Inasmuch as human beings are incapable of knowing the true essence of reality, true knowledge is beyond our ken. We can only see the world through a glass darkly.

Is Race a Social Construct?

Of course it is. Science, generally, is a social construct. Everything that human beings do and “know” is a social construct, in that human behavior and “knowledge” are products of acculturation and the irrepressible urge to name and classify things.

Whence that urge? You might say that it’s genetically based. But our genetic inheritance is inextricably twined with social constructs — preferences for, say, muscular men and curvaceous women, and so on. What we are depends not only on our genes but also on the learned preferences that shape the gene pool. There’s no way to sort them out, despite claims (from the left) that human beings are blank slates and claims (from loony libertarians) that genes count for everything.

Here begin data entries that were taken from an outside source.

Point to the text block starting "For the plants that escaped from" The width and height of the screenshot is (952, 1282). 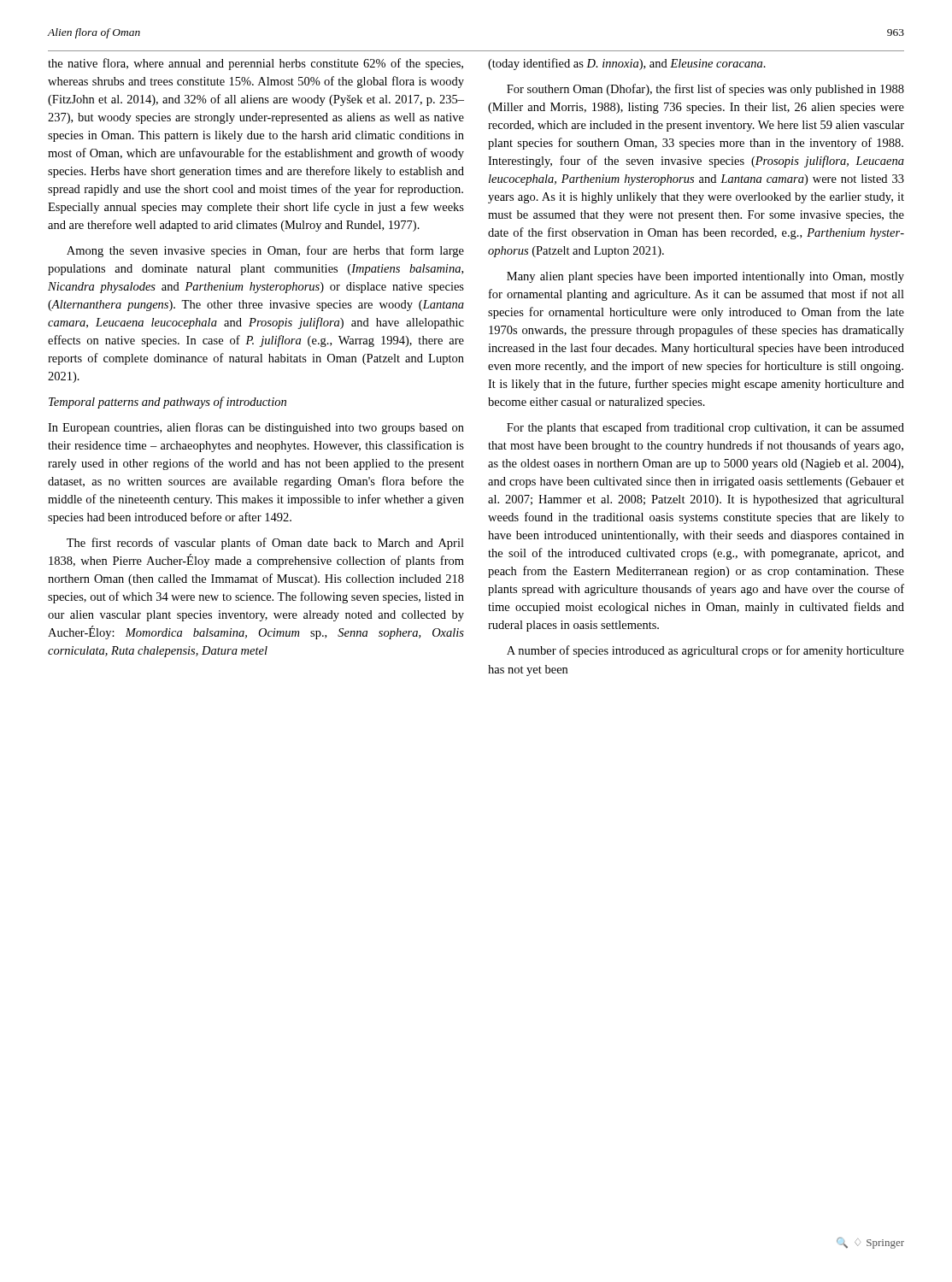coord(696,527)
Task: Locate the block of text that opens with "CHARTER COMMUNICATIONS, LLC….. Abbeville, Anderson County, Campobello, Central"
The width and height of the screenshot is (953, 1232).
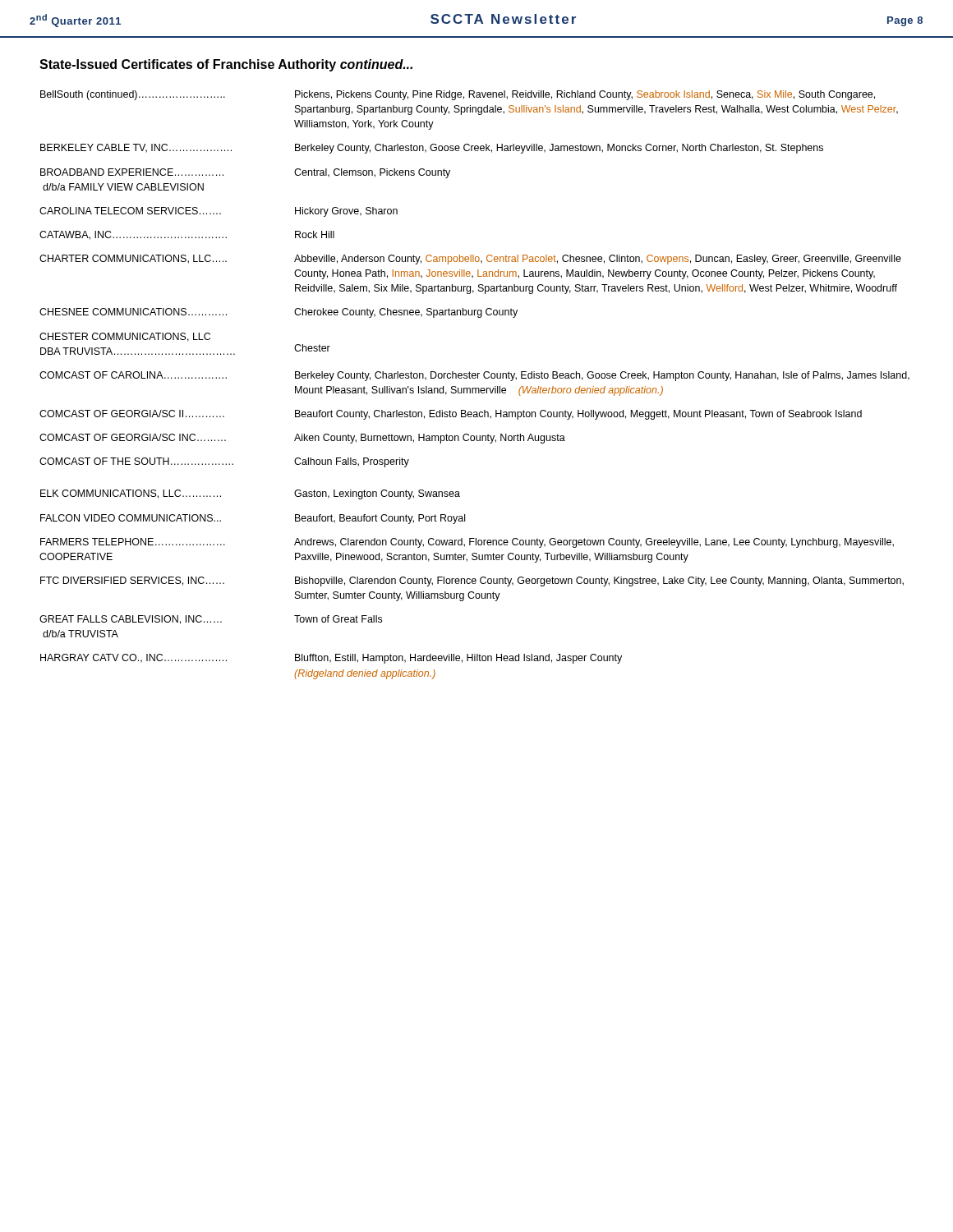Action: point(476,274)
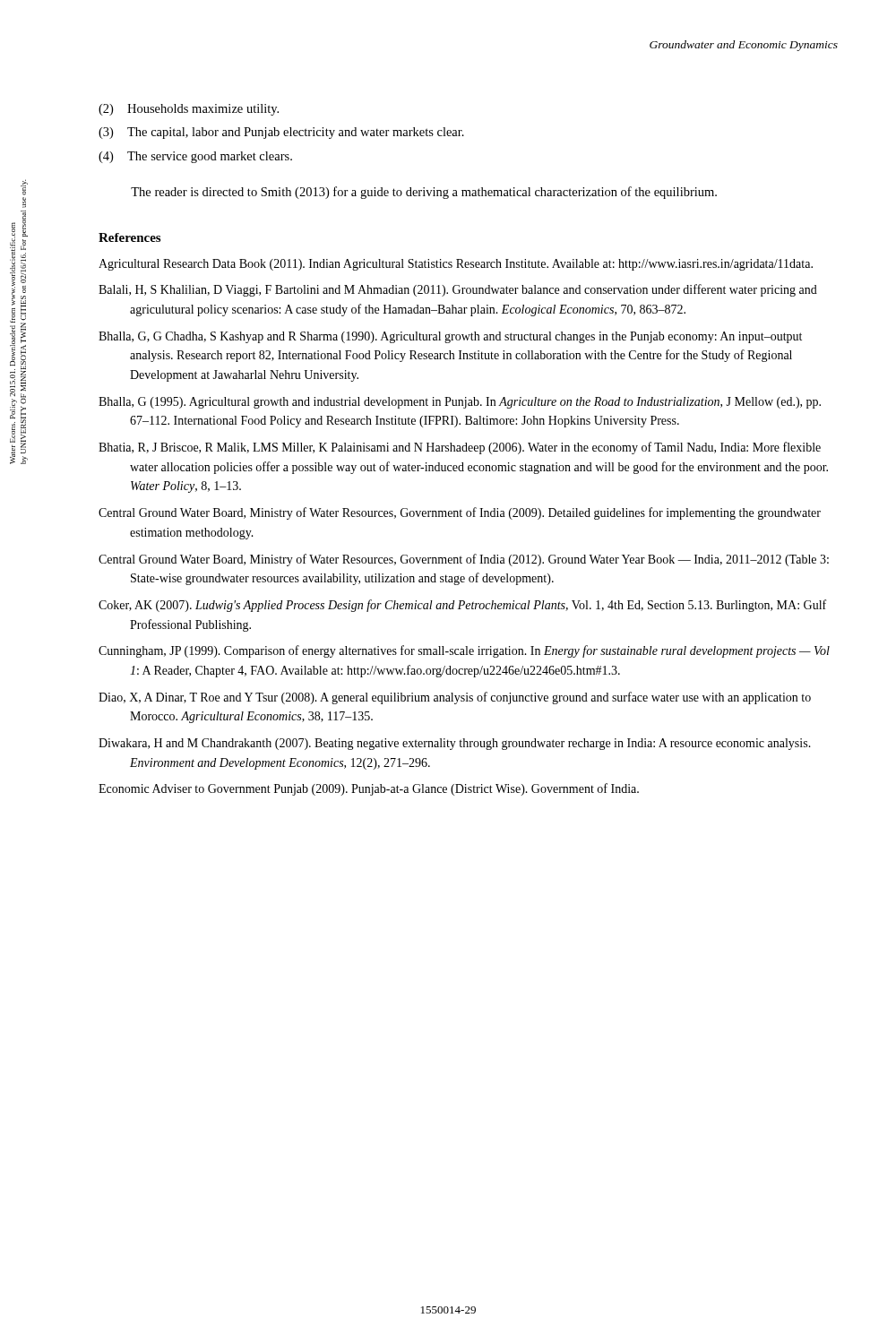Find the text block that says "The reader is"
The height and width of the screenshot is (1344, 896).
coord(424,192)
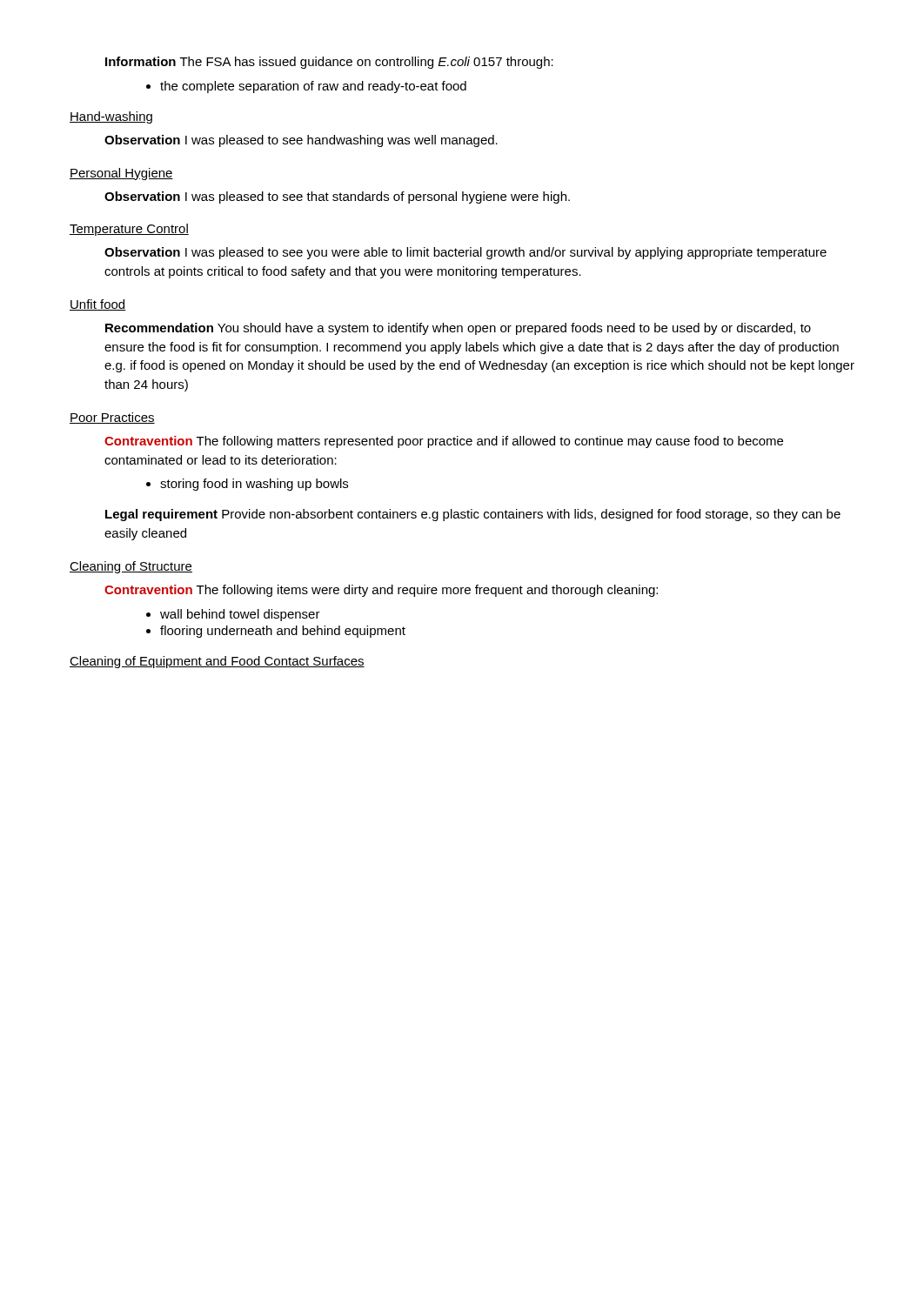The height and width of the screenshot is (1305, 924).
Task: Find the text block starting "Temperature Control"
Action: [x=129, y=229]
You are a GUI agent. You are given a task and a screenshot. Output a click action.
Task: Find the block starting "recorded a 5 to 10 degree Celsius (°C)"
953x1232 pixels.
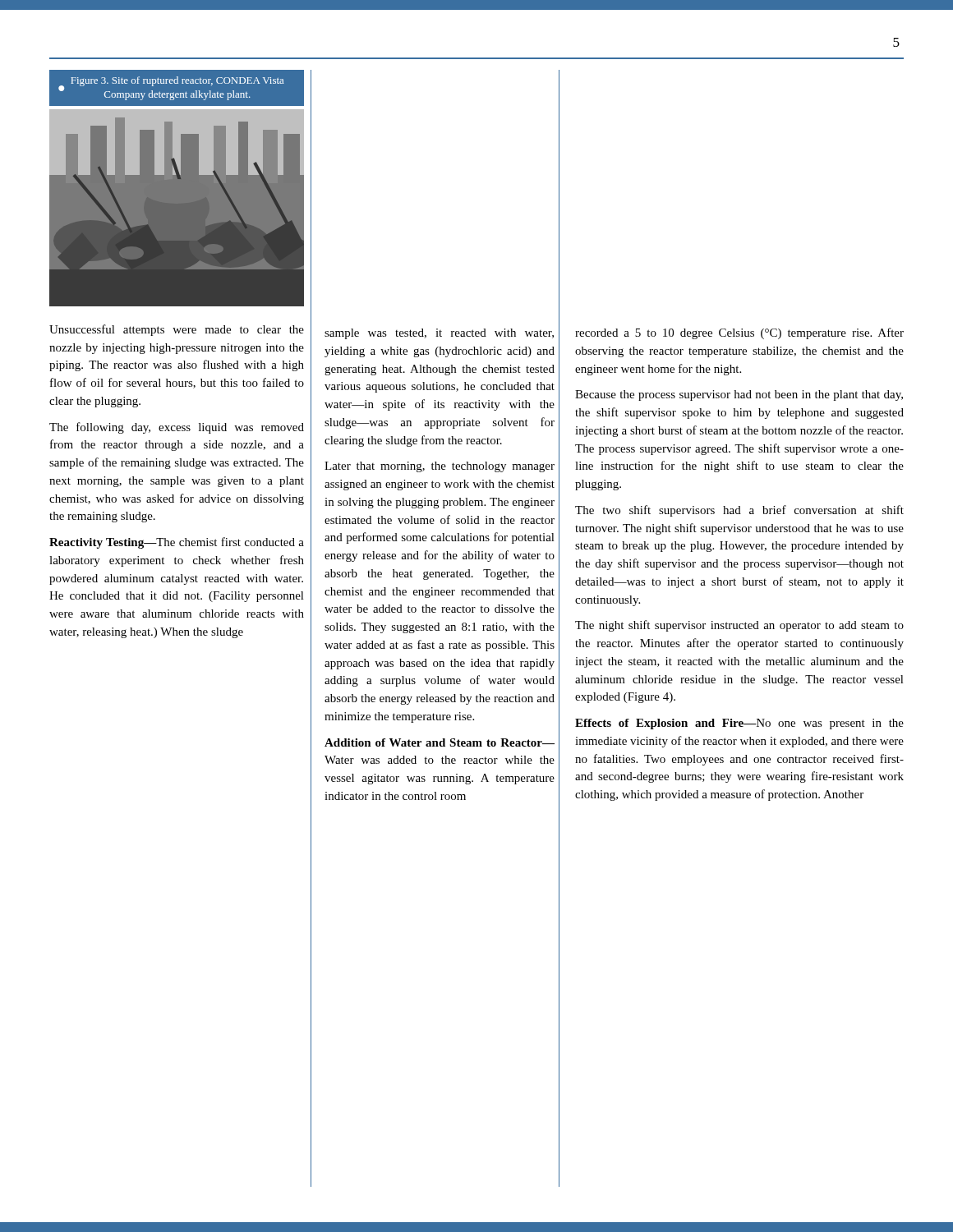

All of that, however true it may be (and I believe it to be true), is a recipe for solipsism, nay, for Humean chaos. The only way out of this morass, as I see it, is to admit that human beings (or most of them) possess a life-urge that requires them to make distinctions: friend vs. enemy, workable from non-workable ways of building things, etc.

Race is among those useful distinctions for reasons that will be obvious to anyone who has actually observed the behaviors of groups that can be sorted along racial lines instead of condescending to “tolerate” or “celebrate” differences (a luxury that is easily indulged in the safety of ivory towers and gated communities). Those lines may be somewhat arbitrary, for, as many have noted there are more genetic differences within a racial classification than between racial classifications. Which is a fatuous observation, in that there are more genetic differences among, say, the apes than there are between what are called apes and what are called human beings.

In other words, the usual “scientific” objection to the concept of race is based on a false premise, namely, that all genetic differences are equal. If one believes that, one should be just as willing to live among apes as among human beings. But human beings do not choose to live among apes (though a few human beings do choose to observe them at close quarters). Similarly, human beings — for the most part — do not choose to live among people from whom they are racially distinct, and therefore (usually) socially distinct.

Why? Because under the skin we are not all alike. Under the skin there are social (cultural) differences that are causally correlated with genetic differences.

Race may be a social construct, but — like engineering — it is a useful one.

“Catch 22”

There’s a new, six-part, made-for-TV adaptation of Joseph Heller’s overrated “classic”. My wife, who found the novel funny on her second go it, finds the TV version boring. I, who found the novel boring on my first (and only) go at it, find the TV version mildly entertaining because of the production and acting. But, on the whole, I begrudge the $12.95 that I paid for a one-month subscription to Hulu, which is airing the series as a “Hulu Original”. (I opted for no ads, so couldn’t avail myself of a one-month free trial of Hulu.)

So the new version of Catch-22 suggests a variant of Catch 22: Sometimes you have to pay for something in order to learn that you wouldn’t have paid for it.

Idealism Is Dangerous

Leftists and libertarians are deluded idealists. Deluded, because they imagine a world that cannot be, given nature and human nature. And so they promote causes that are doomed to fail, at great cost in treasure and something far more important: mutual trust, respect, and forbearance. Those are the pillars of true liberty, which is peaceful, voluntary, mutually beneficial coexistence.